Nia shook her head. This was the man her mother married? That’d he’d passed on so young was truly a tragedy. He should have lived so that Nia could have tormented him mercilessly and properly.
He was right thought. She had so much now. A fiance. A passion. A family that far from running away from, she was determined to hold as tight as she could and build with anyone else who would fit into it.
“What I mean, father, is that I don’t have a drum in my hands. Usually to do magic, I need, as you might guess, the magic drummy things that make the magic noises.”
“Do you now?” Ayas asked, with a smile that sparked the teenage rebellion in Nia’s heart which she’d missed out on enjoying against her father.
“Uh, yeah, it’s not like I was more than a hack at best with magic before I came here and found the drums,” Nia said, deciding that it was probably forgivable that her father hadn’t known that in light of the whole ‘being dead’ thing he had going on.
“So, all those times you’ve played without a drum then? And that tapping that you’re doing with your leg right now? Completely non-magical, mundane activities I presume?”
Nia stared down at her leg.
Which was tapping to the music.
And making magic of her own.
Side B – Yasgrid
It wasn’t her magic. Yasgrid could feel the song swirling about her. She could feel ancestors she’d never known jostling close like a crowd all trying to get to the ‘good seats’.
And it wasn’t her magic that was pulling them in.
Not anymore.
You’re not the only one who can change the world you know, Grandma Lokona said. Thought, to be fair, our time for doing that sort of thing is a little bit past I suppose.
Is it? a new voice asked. I don’t remember agreeing to that at all.
The last time you agreed to anything was the 1st of never as I recall, Lokona said, in the sort of teasing tone that was only shared between the closest of friends, or, siblings.
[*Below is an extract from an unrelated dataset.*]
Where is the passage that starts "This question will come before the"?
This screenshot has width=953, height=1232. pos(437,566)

Yasgrid let music carry her senses closer and say Grandma Lokona and a woman who could only have been her sister Unzola sitting together.
Letting the world fade away a bit, Yasgrid took a seat opposite the two of them as the home her grandmother and grand aunt had grown up in rippled into view around them. Osdora could have raised Yasgrid there, but she’d been preferred her own house. Yasgrid had still spent plenty of time at the ancestral home, most of the days Osdora had been on the road in fact, so the environs were as comforting to her as they were to the two sisters.
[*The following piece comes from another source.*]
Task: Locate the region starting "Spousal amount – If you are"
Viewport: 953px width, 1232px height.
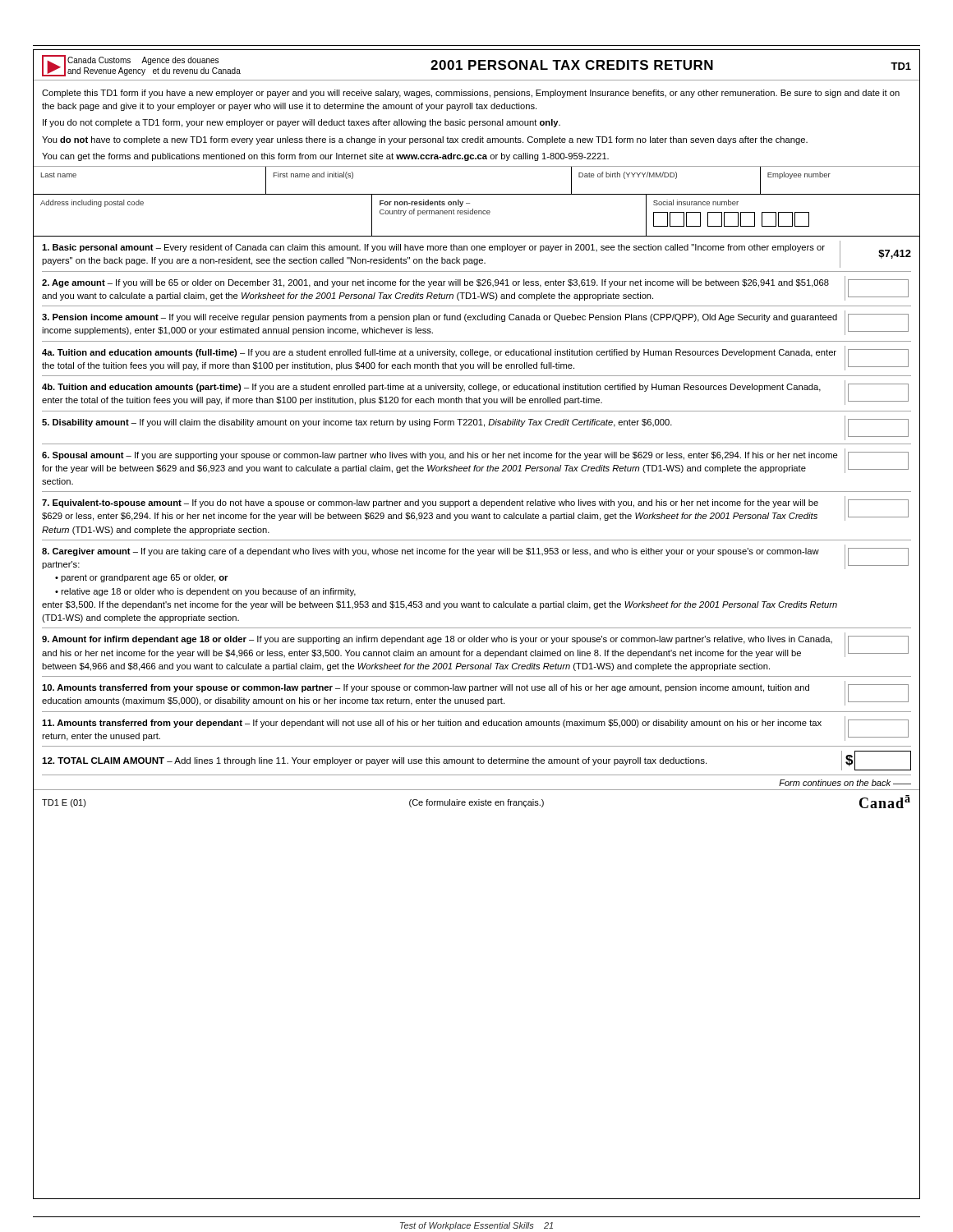Action: (476, 468)

“Hello! I, uh, didn’t expect you,” Yasgrid said, delighted to see her grandmother again, and fascinated to meet her great aunt who’d passed well before Yasgrid had been born.
“We know we can’t keep you long,” Lokona said, putting down a polished disc of stone she’d been chiseling a fine image into.
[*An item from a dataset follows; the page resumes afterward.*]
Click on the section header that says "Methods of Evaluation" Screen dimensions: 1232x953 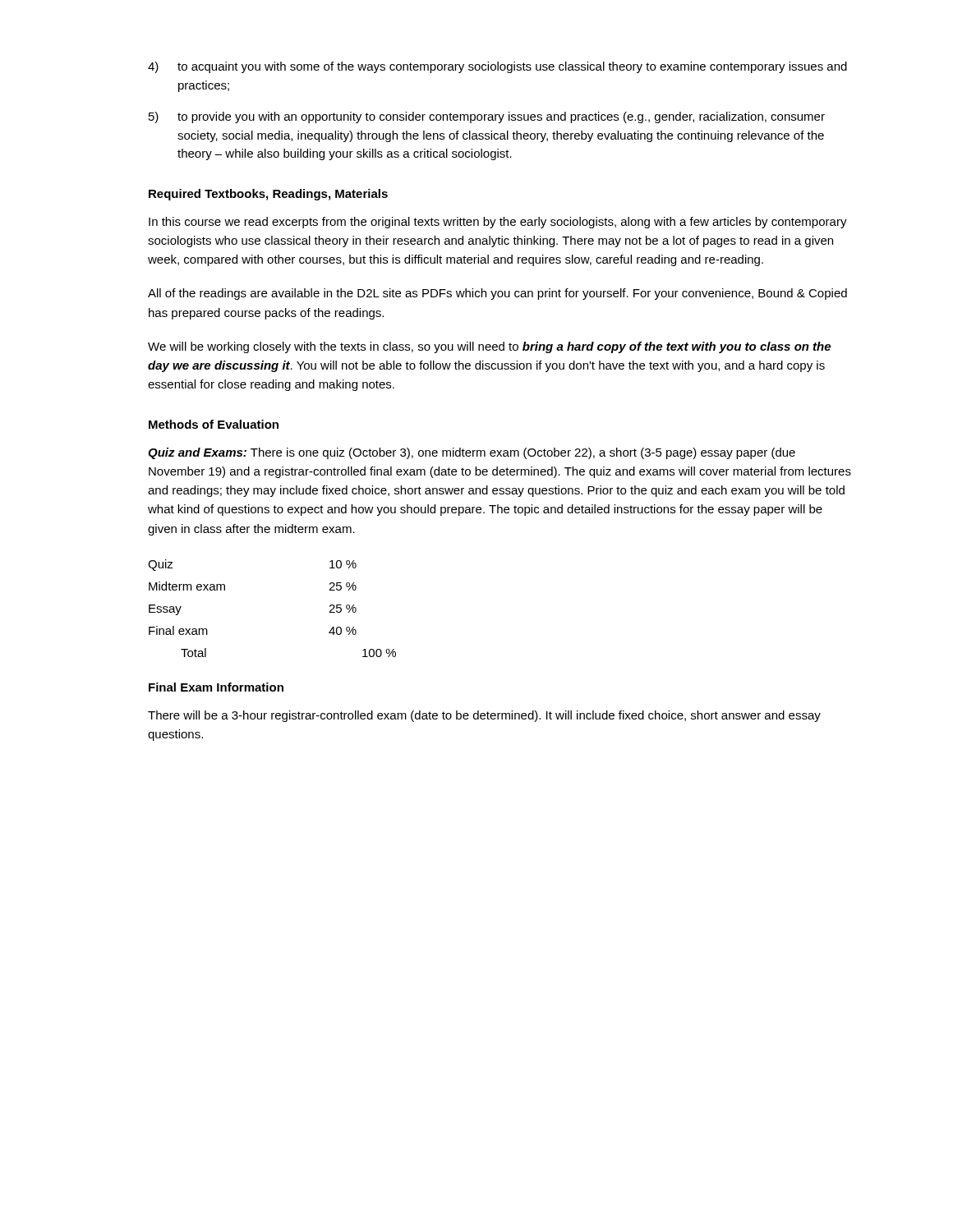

“But we’re glad to have at least a bit of time,” Unzola said, her smile a mirror of the one Nia’s face now wore. The resemblance was so uncanny that Yasgrid had to wonder if Grandma Lokona had been reminded of her sister every time Yasgrid came over. Except Yasgrid had never looked like Unzola when Lokona had looked after her. She’d grown into a likeness of her great aunt as she became an adult, only to trade away her inherited appearance for one which was inherited from far different ancestors.
“Me too, but how are you here? I wasn’t trying to call you, I didn’t want to disturb your rest!” Yasgrid knew it hadn’t been her doing, but she still felt it was important to clarify that while she had trounced all over several different natural orders, disturbing the departed was a line she refused to cross.
“Believe it or not, we don’t rest as much as you might imagine we do,” Unzola said.
“Don’t you worry though, it wasn’t you who brought us here,” Lokona said.
“That was my idea,” Unzola added. “It’s selfish and greedy, I know, but I just wanted to meet the niece who inherited my gift.”